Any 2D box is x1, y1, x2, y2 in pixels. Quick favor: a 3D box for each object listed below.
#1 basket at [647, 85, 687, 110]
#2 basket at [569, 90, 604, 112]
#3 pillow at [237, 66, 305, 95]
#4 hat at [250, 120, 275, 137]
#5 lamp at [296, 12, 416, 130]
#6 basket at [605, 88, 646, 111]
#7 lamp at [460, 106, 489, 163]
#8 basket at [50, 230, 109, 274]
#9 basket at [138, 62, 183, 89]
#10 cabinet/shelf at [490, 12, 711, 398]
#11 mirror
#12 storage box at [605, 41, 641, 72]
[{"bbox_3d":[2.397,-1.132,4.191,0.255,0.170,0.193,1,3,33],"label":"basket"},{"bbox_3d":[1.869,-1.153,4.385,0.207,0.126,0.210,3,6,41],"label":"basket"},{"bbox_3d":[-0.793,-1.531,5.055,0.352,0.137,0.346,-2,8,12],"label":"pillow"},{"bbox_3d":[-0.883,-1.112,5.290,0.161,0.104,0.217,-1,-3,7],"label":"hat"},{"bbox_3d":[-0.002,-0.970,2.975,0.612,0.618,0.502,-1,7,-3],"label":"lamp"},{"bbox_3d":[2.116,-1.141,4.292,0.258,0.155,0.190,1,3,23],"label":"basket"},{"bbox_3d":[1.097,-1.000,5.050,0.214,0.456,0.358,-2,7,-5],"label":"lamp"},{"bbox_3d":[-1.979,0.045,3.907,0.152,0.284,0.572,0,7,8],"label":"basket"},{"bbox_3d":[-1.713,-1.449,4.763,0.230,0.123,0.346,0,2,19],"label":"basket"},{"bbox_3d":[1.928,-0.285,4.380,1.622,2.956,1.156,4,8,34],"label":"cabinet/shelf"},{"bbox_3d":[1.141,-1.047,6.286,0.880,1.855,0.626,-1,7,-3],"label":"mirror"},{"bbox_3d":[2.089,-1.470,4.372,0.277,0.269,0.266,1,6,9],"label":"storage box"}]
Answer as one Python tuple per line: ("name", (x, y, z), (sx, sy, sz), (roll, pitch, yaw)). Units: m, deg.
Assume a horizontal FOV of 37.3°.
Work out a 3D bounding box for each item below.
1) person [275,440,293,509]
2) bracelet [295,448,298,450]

◆ ◆ ◆ ◆ ◆

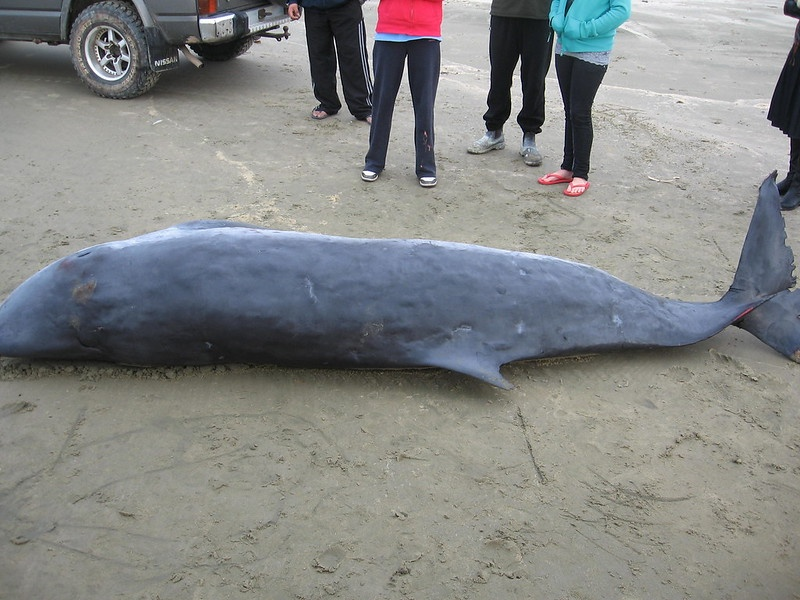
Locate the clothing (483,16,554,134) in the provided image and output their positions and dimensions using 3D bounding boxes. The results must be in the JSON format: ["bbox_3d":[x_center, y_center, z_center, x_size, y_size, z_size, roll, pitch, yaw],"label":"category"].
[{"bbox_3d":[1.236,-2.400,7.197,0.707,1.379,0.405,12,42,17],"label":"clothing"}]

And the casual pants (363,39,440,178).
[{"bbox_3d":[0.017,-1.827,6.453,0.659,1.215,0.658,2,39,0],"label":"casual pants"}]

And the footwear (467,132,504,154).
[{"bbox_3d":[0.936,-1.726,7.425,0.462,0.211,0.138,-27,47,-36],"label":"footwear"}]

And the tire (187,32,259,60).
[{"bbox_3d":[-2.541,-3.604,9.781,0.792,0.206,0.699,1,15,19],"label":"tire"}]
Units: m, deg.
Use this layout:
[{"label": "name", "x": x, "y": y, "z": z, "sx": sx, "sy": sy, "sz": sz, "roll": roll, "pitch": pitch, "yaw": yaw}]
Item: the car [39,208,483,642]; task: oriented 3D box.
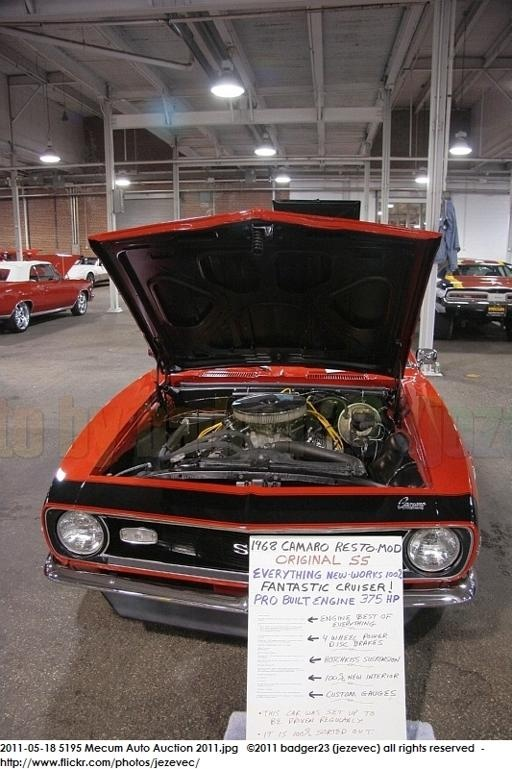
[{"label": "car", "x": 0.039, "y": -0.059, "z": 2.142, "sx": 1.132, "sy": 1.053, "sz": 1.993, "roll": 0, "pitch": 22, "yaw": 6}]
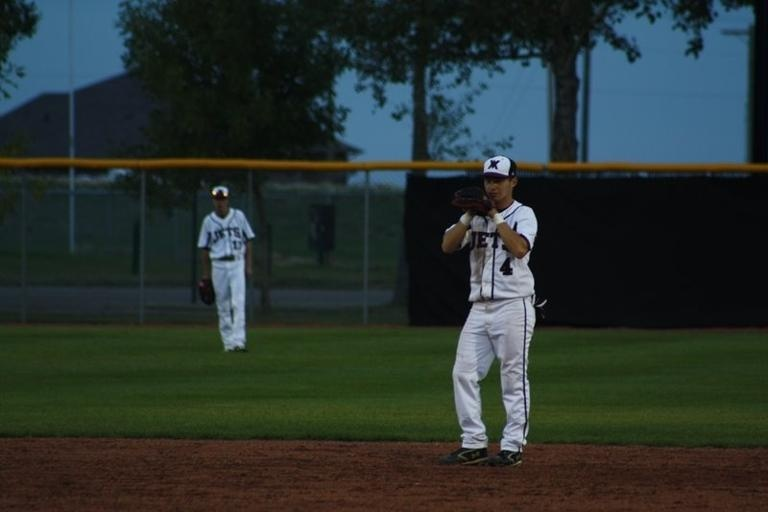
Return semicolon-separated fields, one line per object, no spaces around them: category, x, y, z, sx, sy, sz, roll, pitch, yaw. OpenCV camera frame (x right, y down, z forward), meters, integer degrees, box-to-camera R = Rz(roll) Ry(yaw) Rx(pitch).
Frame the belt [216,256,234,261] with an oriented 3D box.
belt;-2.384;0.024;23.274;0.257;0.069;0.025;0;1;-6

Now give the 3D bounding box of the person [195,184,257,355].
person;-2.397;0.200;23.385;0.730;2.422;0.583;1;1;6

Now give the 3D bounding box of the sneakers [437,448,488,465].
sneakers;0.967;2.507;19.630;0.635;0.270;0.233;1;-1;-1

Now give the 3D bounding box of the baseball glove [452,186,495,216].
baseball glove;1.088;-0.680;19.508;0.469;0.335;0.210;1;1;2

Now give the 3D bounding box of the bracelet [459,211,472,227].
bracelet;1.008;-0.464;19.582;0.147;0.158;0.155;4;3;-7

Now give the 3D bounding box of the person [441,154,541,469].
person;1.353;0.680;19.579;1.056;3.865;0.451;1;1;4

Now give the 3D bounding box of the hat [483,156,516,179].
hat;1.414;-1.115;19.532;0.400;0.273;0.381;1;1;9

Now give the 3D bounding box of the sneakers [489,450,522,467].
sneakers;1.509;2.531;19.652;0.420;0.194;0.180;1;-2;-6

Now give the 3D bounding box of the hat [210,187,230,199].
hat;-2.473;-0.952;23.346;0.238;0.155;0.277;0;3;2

◆ ◆ ◆ ◆ ◆

> **Task details**
Among the records above, extract exactly the lines from the line with "Assume a horizontal FOV of 37.3°." to the line with "2) bracelet [295,448,298,450]", both lines included, and leave out the rest.

> **The completed task**
Assume a horizontal FOV of 37.3°.
Work out a 3D bounding box for each item below.
1) person [275,440,293,509]
2) bracelet [295,448,298,450]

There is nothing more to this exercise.